But stepping into Brian Clarke's workspace, the grey pavements and greasy burger vans give way to the calmness of the Greenway and Leedesigned studio, which is scattered with a huge variety of glass artworks.

Clarke is best known for his work in stained glass, which has seen him join forces with some of architecture's biggest names, such as Zaha Hadid and Norman Foster. He may seem a surprise selection for the chairmanship of the AF, and the appointment of an artist instead of an architect is sure to ruffle feathers, but Clarke has been a trustee to the AF for almost five years, and is more of a natural successor to Will Alsop, who steps down this week after six years in the role, than he may at first seem.

'It's a big sacrifice to take this position on, ' Clarke says.

'Will gave up six years, which is a big chunk of your life. He brought me in to the AF and it is good to have a change.'

Clarke originally hails from Oldham, and is a Lancashire lad through-andthrough. He won a scholarship to art school at the tender age of 11 in 1964, attending Burnley School of Art, and began to make his name in stained glass in the early 1970s.

He says he flirted with the idea of becoming an architect, but discarded these thoughts after he won the scholarship.

However, Foster says Clarke would have made a 'formidable opponent' had he chosen the architectural route.

Clarke claims the 'art versus architecture' debate does not register with him. The two, he says, are not distinct; rather art is integral to architecture and the urban environment.

'Art in architecture is no longer the lipstick on a gorilla, ' says Clarke, 'it is site-specific art.

When I started it was regarded as avant-garde - a radical affront. It was very suspect, but now everybody is doing it.'

But questions are sure to linger around whether it is right that an artist should take on the role of promoting architecture in the UK. Some observers say that only an architect should be considered for the post.

Clarke disagrees. He has worked on architectural projects around the world for more than 30 years and clearly knows architecture like the back of his hand. Among his recent works is the stained glass apex of Foster's Palace of Peace and Reconciliation in Kazakhstan.

And Clarke clearly doesn't lack any confidence when he brings his knowledge to bear on architectural projects. 'What I bring to the role is me, ' he says.

'It couldn't be expressed more literally than that, really.

'Artists and architects have very different approaches, ' he continues. 'I have great sympathy for architects. I have engaged in many architectural projects, and the problems are legion. There are problems of collaboration, there are problems of collaborating but not compromising, and so on.

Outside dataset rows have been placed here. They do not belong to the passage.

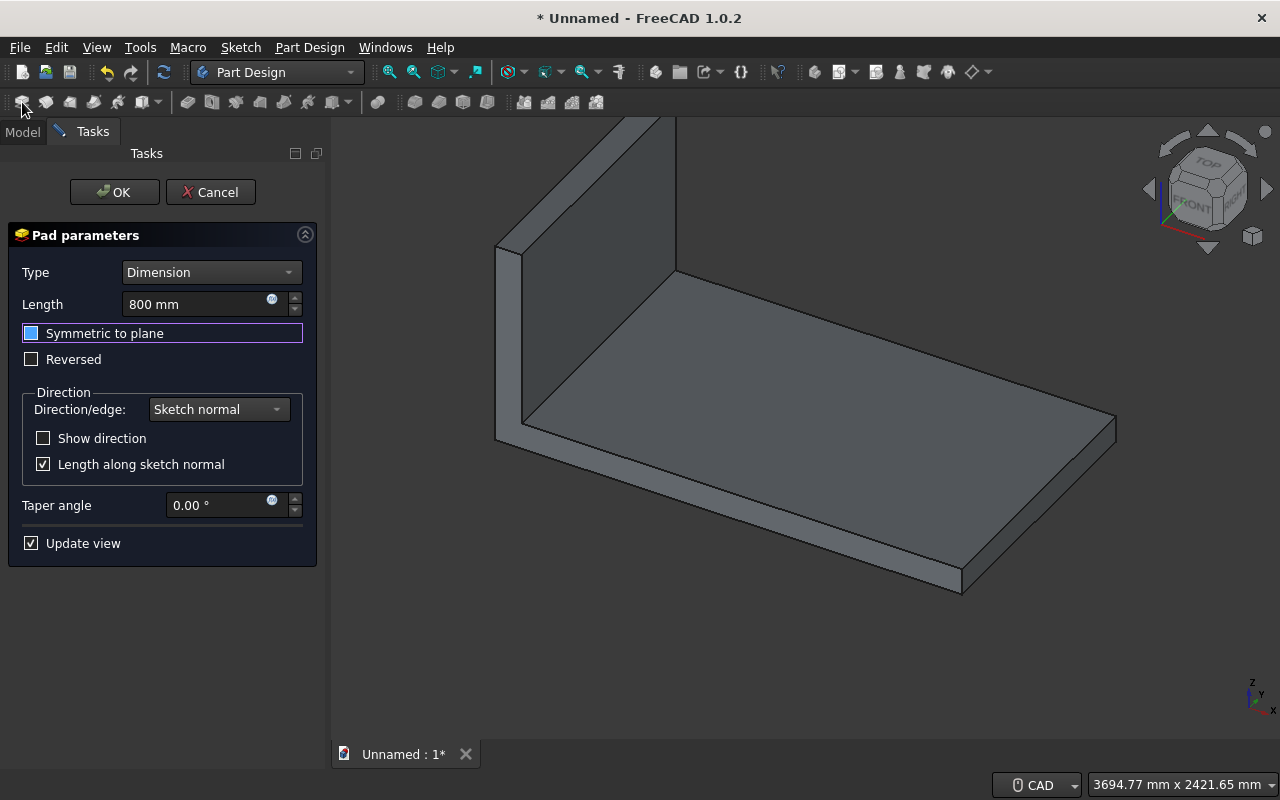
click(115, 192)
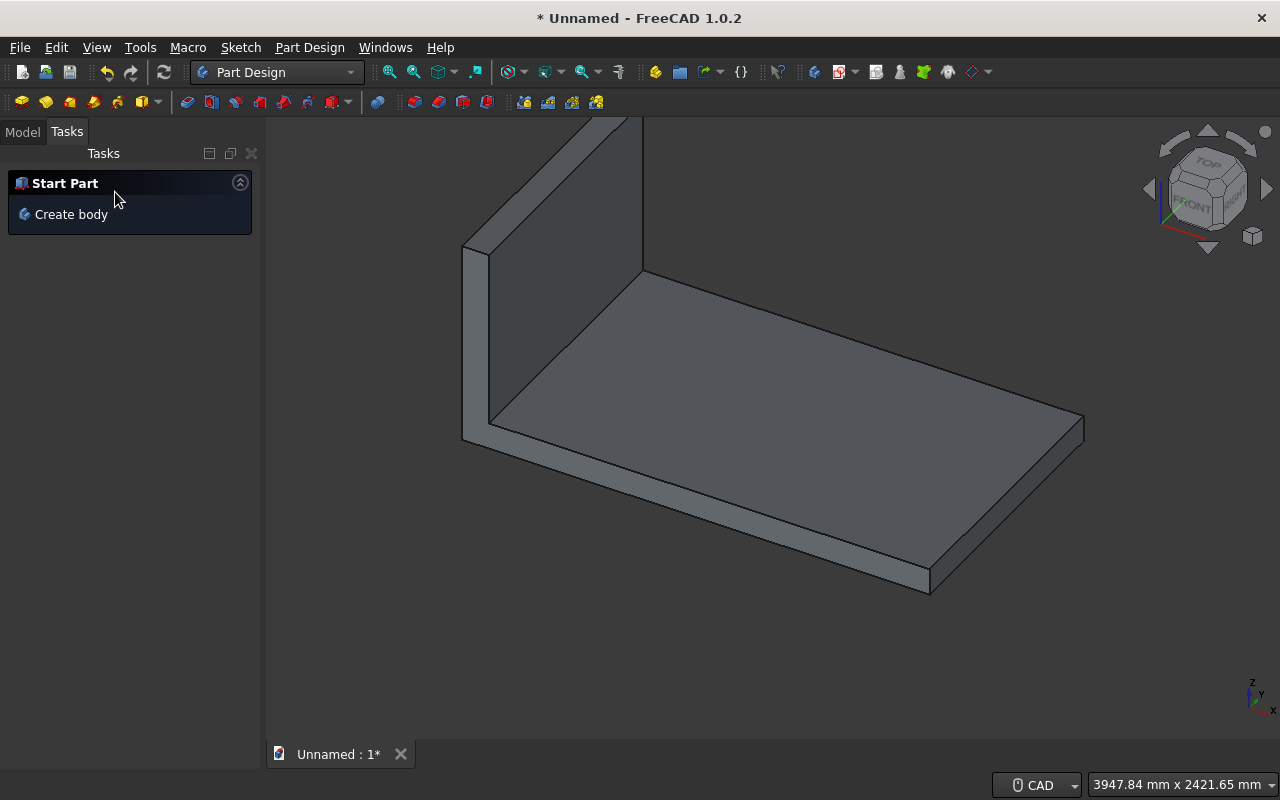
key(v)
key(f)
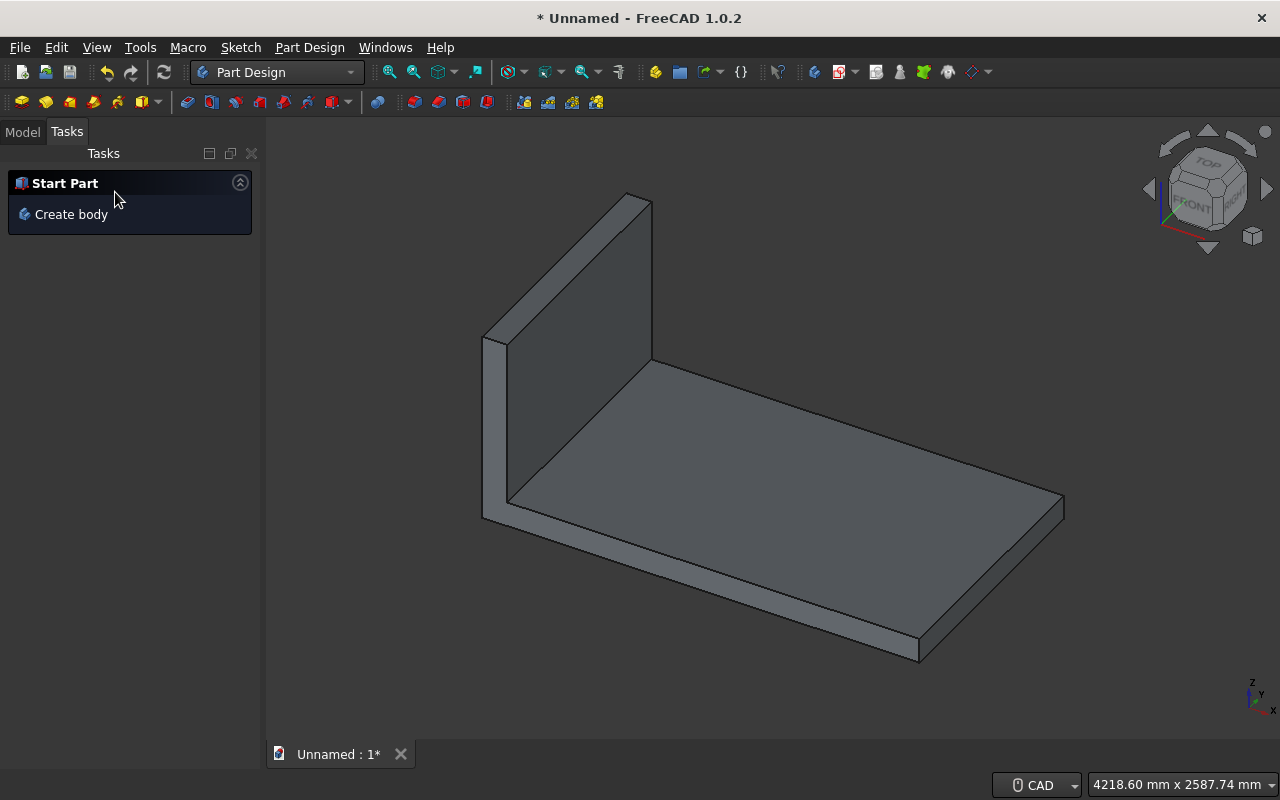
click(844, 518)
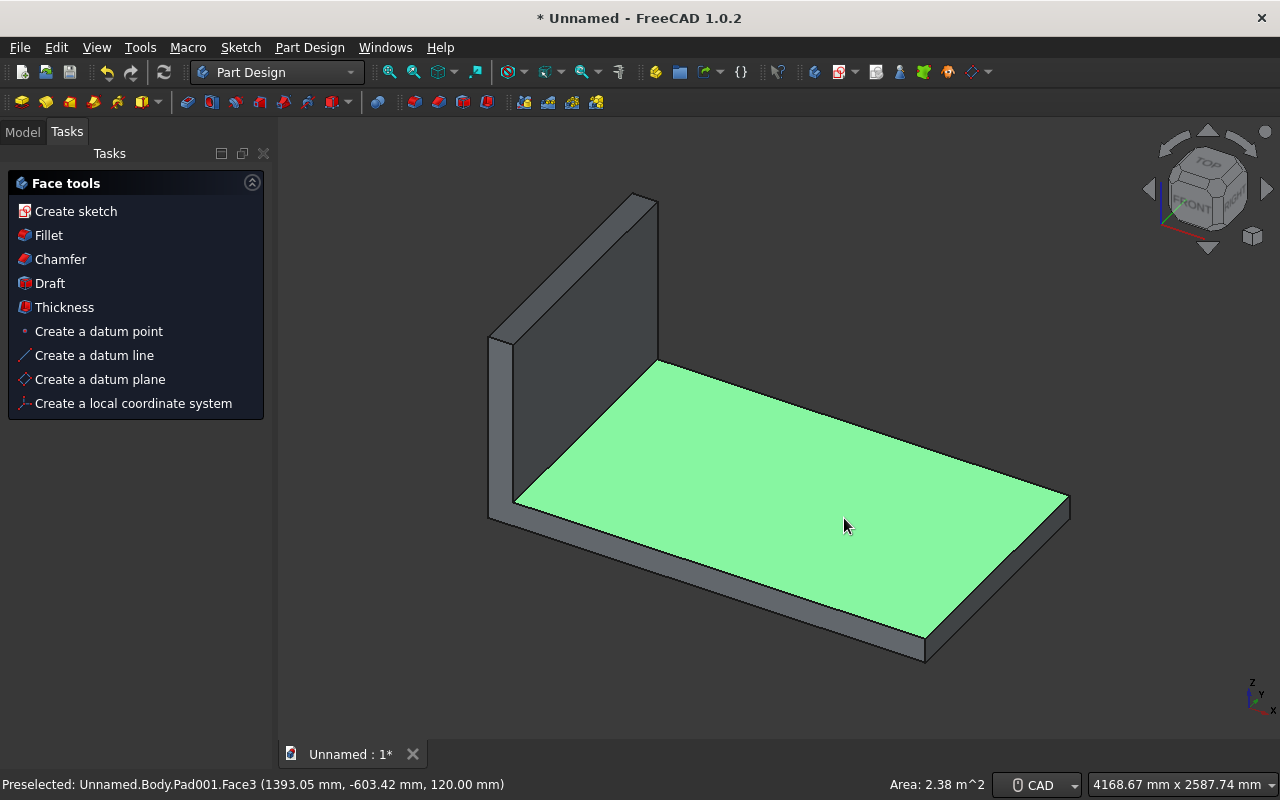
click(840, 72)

'Architects have to bring what an artist brings to the table but also include massing, planning and volume - they have to create poetic expression in an urban fabric. I take my clues from the building; the building tells me where to go.'

In his role as AF chairman, Clarke says he will be looking to continue the work of Alsop and former chairman Richard Rogers, as well as add to it.

He says he intends to try and involve more young people in the AF, and is planning to visit architecture schools to see the new ideas coming from the next generation.

'There is so much going on around these schools, ' Clarke says. 'I went to the Bartlett recently and there are some fantastic things happening there at the moment. People forget that 30 years ago fuck all was going on, and then there was this glorious explosion of radicalism. Today there is so much going on, and we need to tap into it.'

Clarke is also planning on becoming involved with teachers as well as students, because, he says, teachers are instrumental in forming the architectural minds of the next generation.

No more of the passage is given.